ISSN (Print): 1573-4099
ISSN (Online): 1875-6697

Research Article

Designing Novel Teduglutide Analogues with Improved Binding Affinity: An In Silico Peptide Engineering Approach

Author(s): Ali A. Alizadeh and Siavoush Dastmalchi*

Volume 17, Issue 2, 2021

Published on: 17 February, 2020

Page: [225 - 234] Pages: 10

DOI: 10.2174/1573409916666200217091456

Price: $65

Abstract

Introduction: Short bowel syndrome (SBS) is a disabling condition that occurs following the loss of substantial portions of the intestine, leading to inadequate absorption of nutrients and fluids. Teduglutide is the only drug that has been FDA-approved for long-term treatment of SBS. This medicine exerts its biological effects through binding to the GLP-2 receptor.

Methods: The current study aimed to use computational mutagenesis approaches to design novel potent analogues of teduglutide. To this end, the constructed teduglutide-GLP2R 3D model was subjected to the alanine scanning mutagenesis where ARG20, PHE22, ILE23, LEU26, ILE27 and LYS30 were identified as the key amino acids involved in ligand-receptor interaction. In order to design potent teduglutide analogues, using MAESTROweb machine learning method, the residues of teduglutide were virtually mutated into all naturally occurring amino acids and the affinity improving mutations were selected for further analysis using PDBePISA methodology which interactively investigates the interactions established at the interfaces of macromolecules.

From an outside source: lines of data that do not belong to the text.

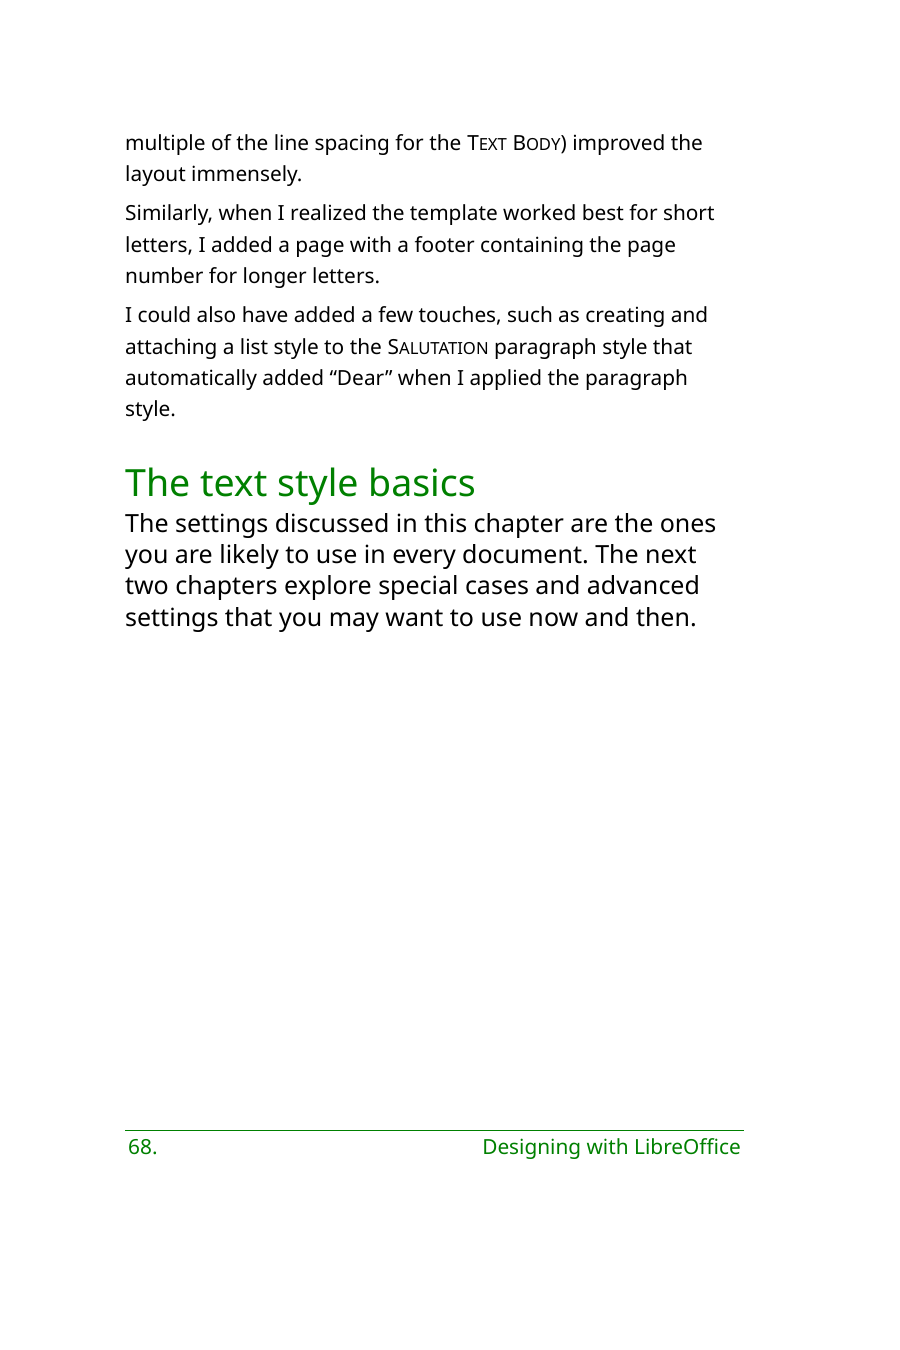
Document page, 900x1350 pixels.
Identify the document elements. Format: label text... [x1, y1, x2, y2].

subtitle The text style basics [125, 456, 744, 507]
text Similarly, when I realized the template worked best for short letters, I added a page with a footer containing the page number for longer letters. [125, 196, 744, 289]
text multiple of the line spacing for the Text Body) improved the layout immensely. [125, 125, 744, 187]
text The settings discussed in this chapter are the ones you are likely to use in every document. The next two chapters explore special cases and advanced settings that you may want to use now and then. [125, 507, 744, 632]
text I could also have added a few touches, such as creating and attaching a list style to the Salutation paragraph style that automatically added “Dear” when I applied the paragraph style. [125, 298, 744, 423]

Results: The calculations resulted in D15I, D15L, D15M and N24M mutations, which can improve the binding ability of the ligand to the receptor. The final evaluation of identified mutations was performed by molecular dynamics simulations, indicating that D15I and D15M are the most reliable mutations to increase teduglutide affinity towards its receptor.

Conclusion: The findings in the current study may facilitate designing more potent teduglutide analogues leading to the development of novel treatments in short bowel syndrome.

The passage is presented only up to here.